Nothing but an exact repeat of the data, with pictures removed, belongs in the answer.

==== Excerpted data

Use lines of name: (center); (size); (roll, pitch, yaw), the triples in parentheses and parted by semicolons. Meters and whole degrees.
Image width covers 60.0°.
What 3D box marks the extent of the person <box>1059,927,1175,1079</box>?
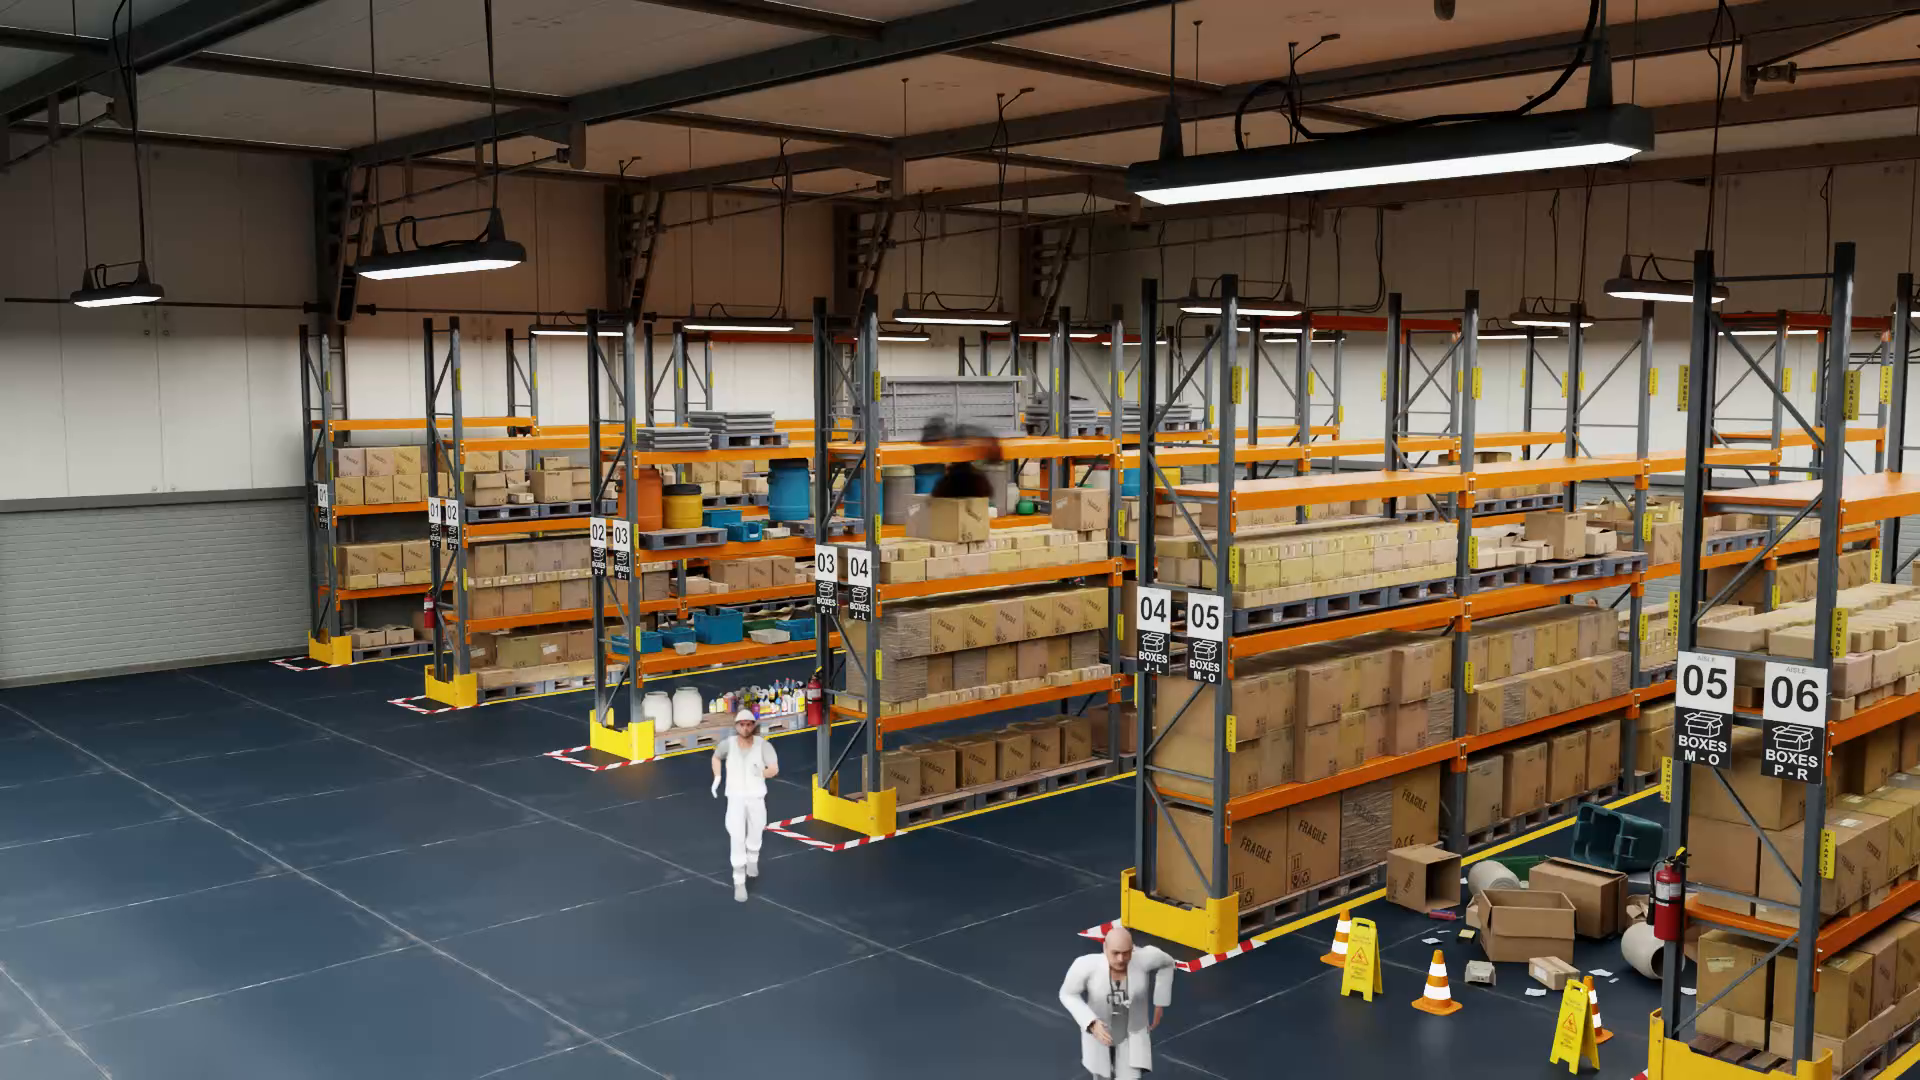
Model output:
person: (1.007, 3.255, 10.829); (0.754, 1.742, 1.033); (0, 6, -2)

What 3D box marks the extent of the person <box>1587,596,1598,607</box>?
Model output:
person: (10.078, 1.700, 26.585); (0.619, 1.609, 0.555); (5, 7, 39)

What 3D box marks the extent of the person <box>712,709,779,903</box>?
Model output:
person: (-2.134, 2.583, 16.557); (0.655, 1.814, 0.919); (-1, 6, -11)
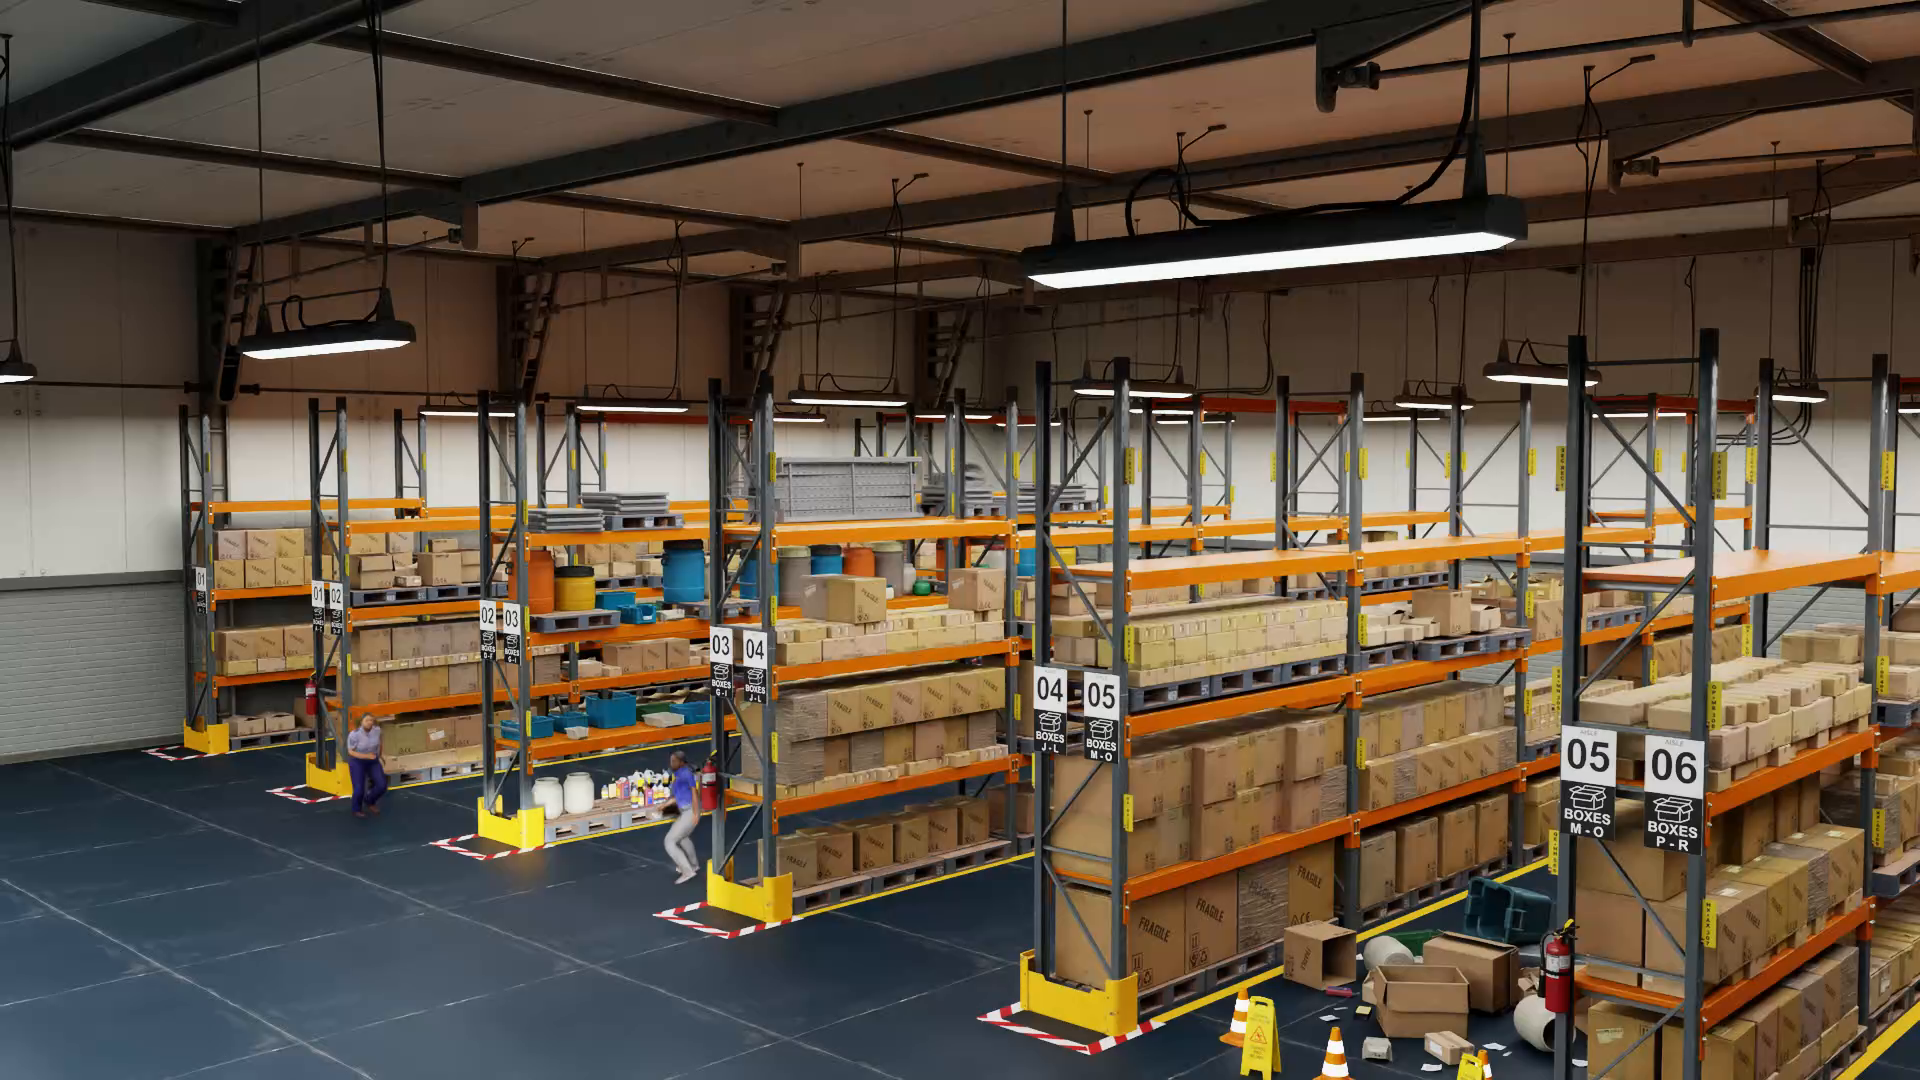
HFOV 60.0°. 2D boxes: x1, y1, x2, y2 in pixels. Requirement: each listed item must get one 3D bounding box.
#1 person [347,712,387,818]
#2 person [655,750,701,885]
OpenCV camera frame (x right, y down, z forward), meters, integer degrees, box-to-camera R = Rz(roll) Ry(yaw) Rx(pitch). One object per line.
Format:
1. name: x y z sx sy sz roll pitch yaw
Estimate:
1. person: -8.334 3.166 23.374 0.600 1.541 0.800 -2 4 -39
2. person: -3.409 3.375 20.137 0.541 1.470 0.805 0 3 -4
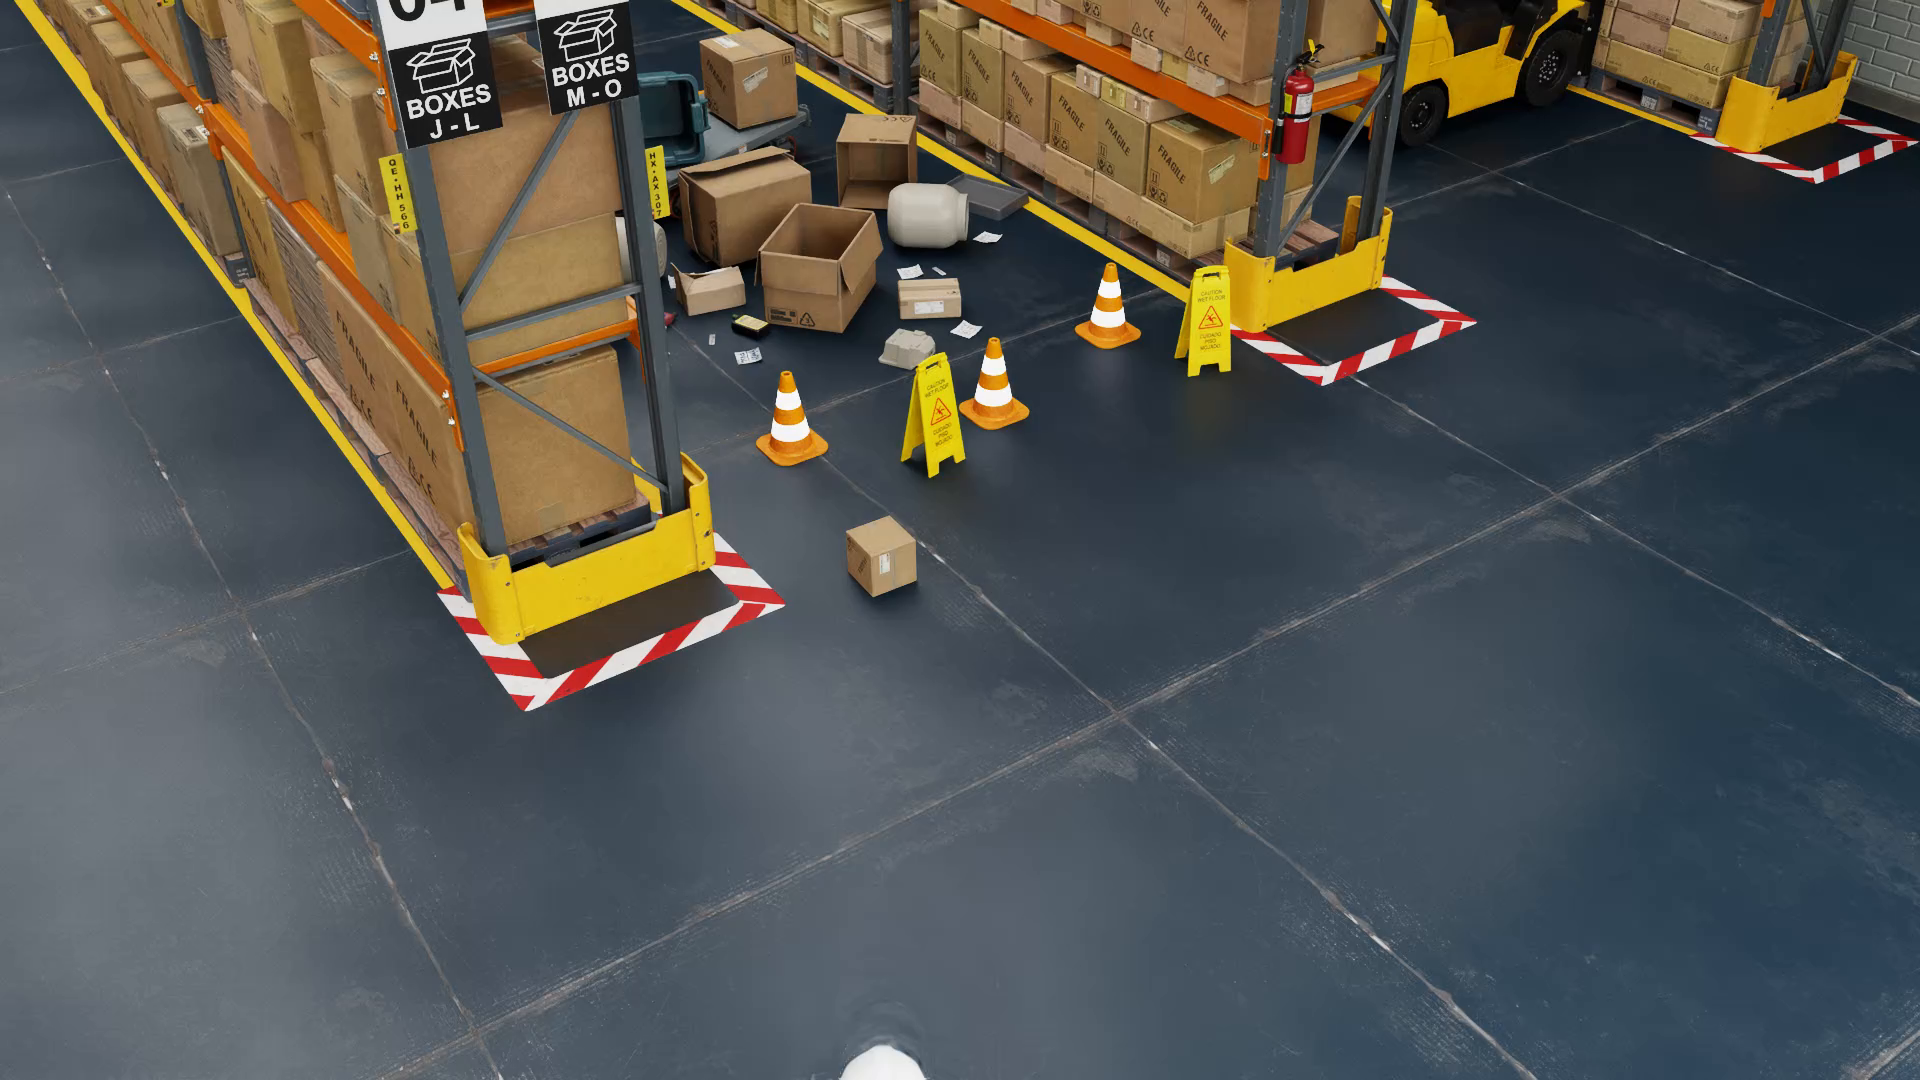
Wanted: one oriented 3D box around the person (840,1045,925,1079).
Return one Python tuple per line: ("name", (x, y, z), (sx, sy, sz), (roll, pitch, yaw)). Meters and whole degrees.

========

Result —
Use lines of name: (center); (size); (roll, pitch, yaw), the triples in parentheses and parted by semicolons. Meters and whole degrees.
Image width covers 60.0°.
What 3D box marks the extent of the person <box>1059,927,1175,1079</box>?
Model output:
person: (1.007, 3.255, 10.829); (0.754, 1.742, 1.033); (0, 6, -2)

What 3D box marks the extent of the person <box>1587,596,1598,607</box>?
Model output:
person: (10.078, 1.700, 26.585); (0.619, 1.609, 0.555); (5, 7, 39)

What 3D box marks the extent of the person <box>712,709,779,903</box>?
Model output:
person: (-2.134, 2.583, 16.557); (0.655, 1.814, 0.919); (-1, 6, -11)
HFOV 60.0°. 2D boxes: x1, y1, x2, y2 in pixels. Requirement: each listed item must get one 3D bounding box.
#1 person [347,712,387,818]
#2 person [655,750,701,885]
OpenCV camera frame (x right, y down, z forward), meters, integer degrees, box-to-camera R = Rz(roll) Ry(yaw) Rx(pitch). One object per line.
Format:
1. name: x y z sx sy sz roll pitch yaw
Estimate:
1. person: -8.334 3.166 23.374 0.600 1.541 0.800 -2 4 -39
2. person: -3.409 3.375 20.137 0.541 1.470 0.805 0 3 -4
Wanted: one oriented 3D box around the person (840,1045,925,1079).
Return one Python tuple per line: ("name", (x, y, z), (sx, sy, sz), (roll, pitch, yaw)). Meters and whole degrees.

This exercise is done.